Exercise requirements> Begin at the line below that has "Page size: 1164x1607." and stop after the line that has "Identify the document". Please restate only those lines, word for word.

Given data>
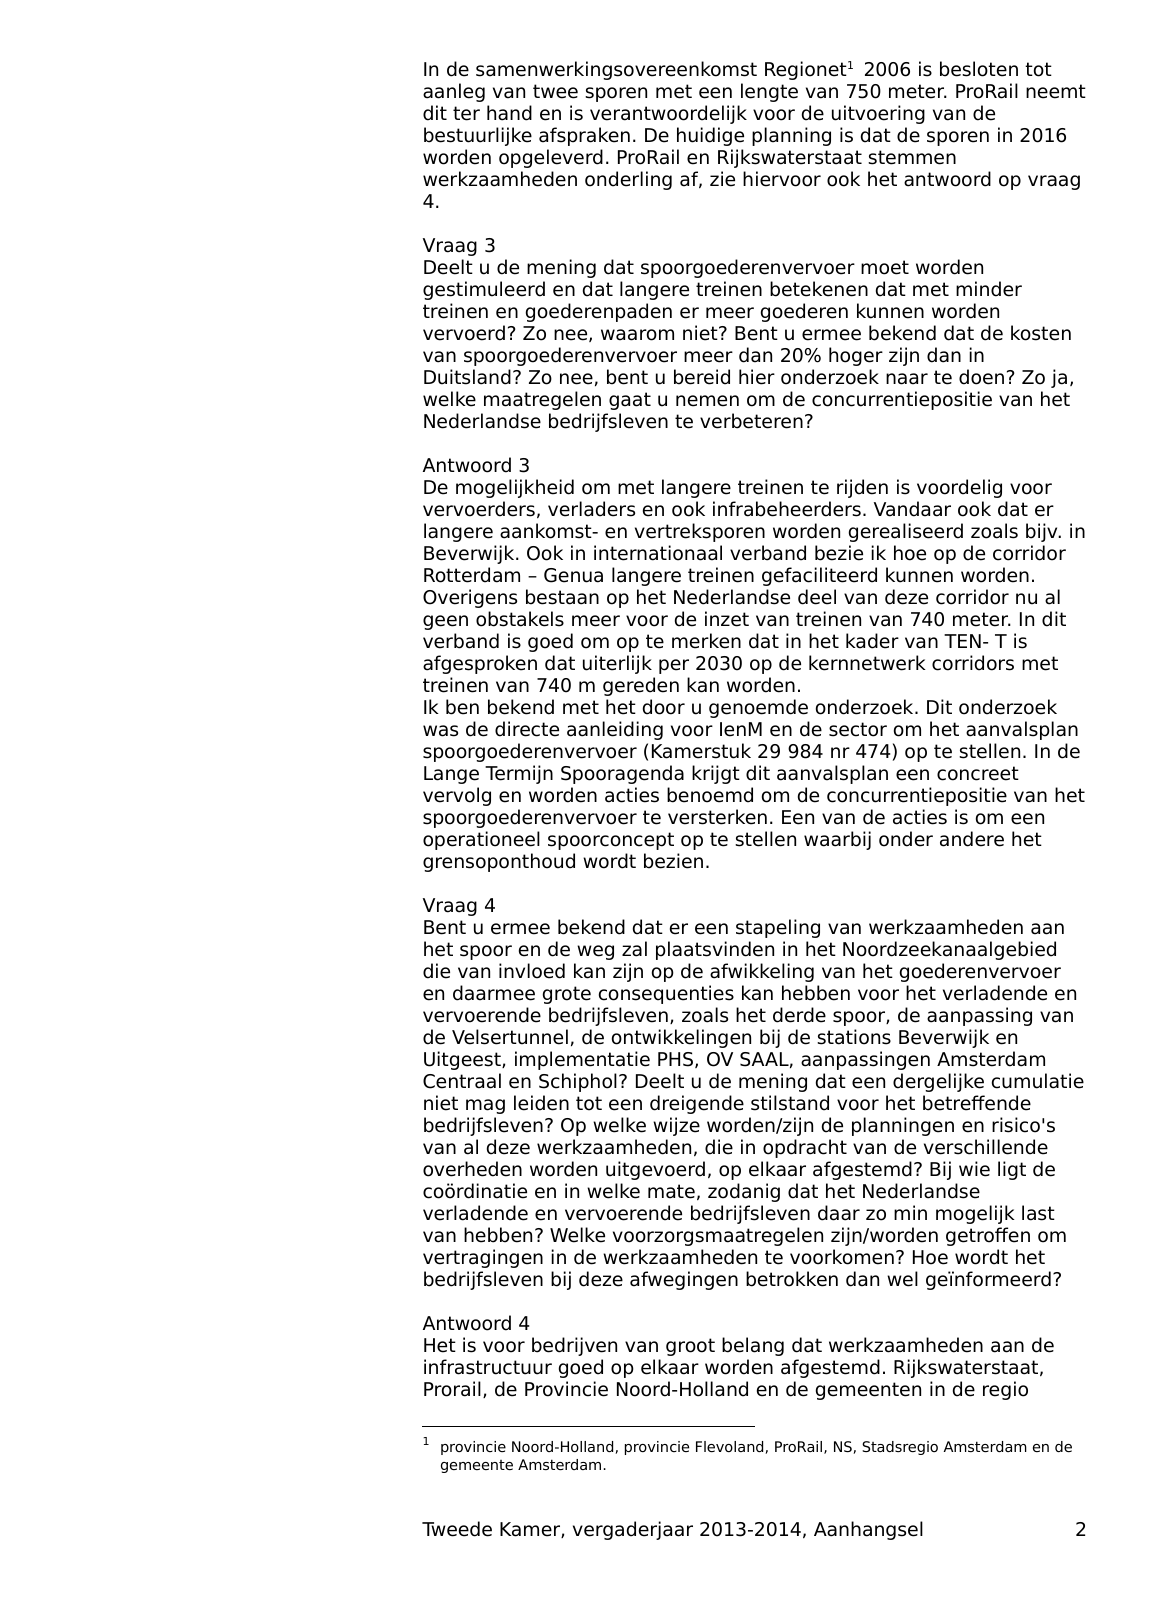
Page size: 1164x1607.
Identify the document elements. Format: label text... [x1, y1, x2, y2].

---

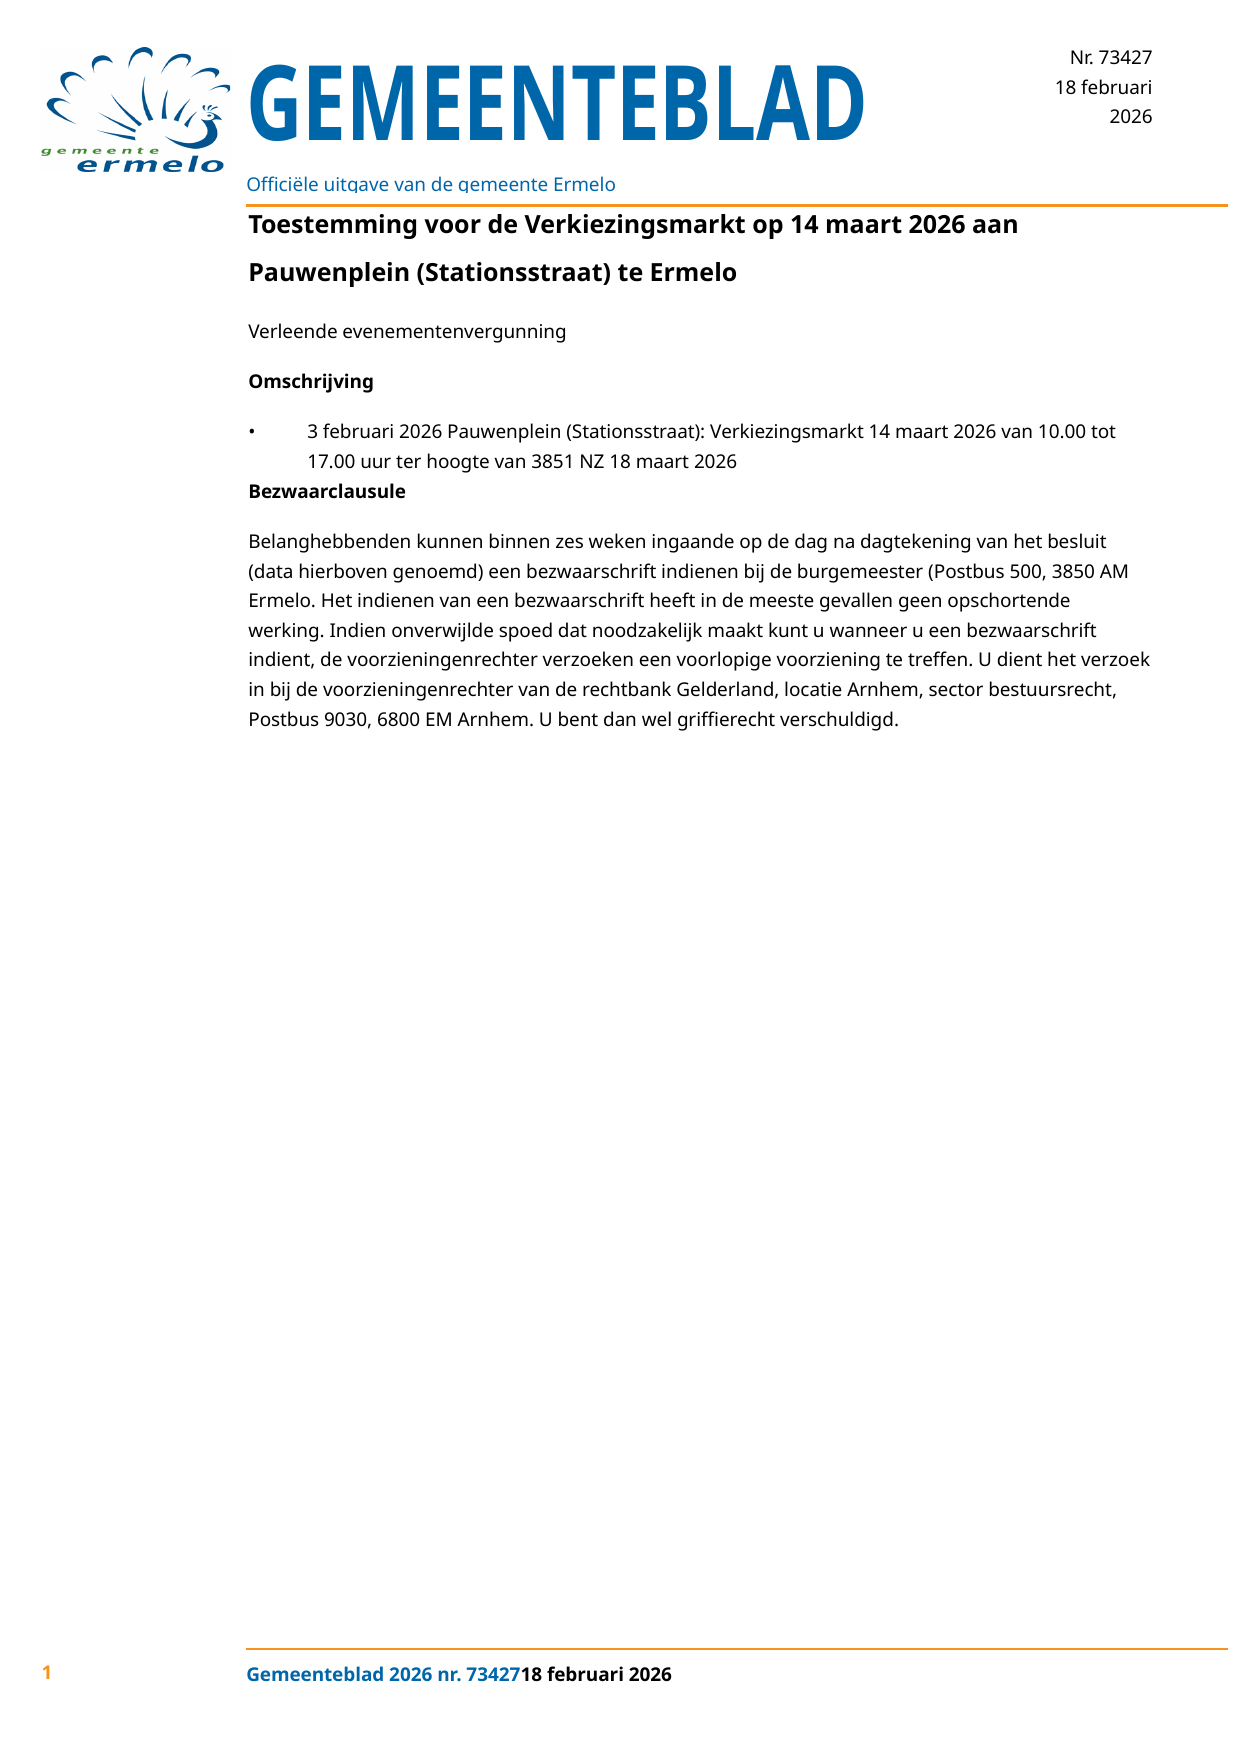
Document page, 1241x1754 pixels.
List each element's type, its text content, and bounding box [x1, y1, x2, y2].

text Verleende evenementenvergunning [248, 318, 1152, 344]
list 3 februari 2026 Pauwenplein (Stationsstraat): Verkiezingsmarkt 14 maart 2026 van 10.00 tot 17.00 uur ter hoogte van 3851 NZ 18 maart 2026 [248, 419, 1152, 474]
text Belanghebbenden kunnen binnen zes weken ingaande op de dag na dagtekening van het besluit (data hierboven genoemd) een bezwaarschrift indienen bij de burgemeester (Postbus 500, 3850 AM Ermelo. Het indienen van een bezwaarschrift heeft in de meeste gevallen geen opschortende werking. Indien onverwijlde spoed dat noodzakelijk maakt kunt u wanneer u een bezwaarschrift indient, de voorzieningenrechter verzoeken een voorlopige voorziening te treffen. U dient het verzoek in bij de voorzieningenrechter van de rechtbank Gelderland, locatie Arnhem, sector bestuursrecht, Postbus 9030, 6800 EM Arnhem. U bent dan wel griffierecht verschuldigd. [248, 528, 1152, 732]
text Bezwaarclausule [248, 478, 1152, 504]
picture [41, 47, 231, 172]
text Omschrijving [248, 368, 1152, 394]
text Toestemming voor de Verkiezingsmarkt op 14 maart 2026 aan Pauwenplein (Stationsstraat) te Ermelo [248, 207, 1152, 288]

Exercise solution>
Page size: 1164x1607.
Identify the document elements. Format: label text... [x1, y1, x2, y2].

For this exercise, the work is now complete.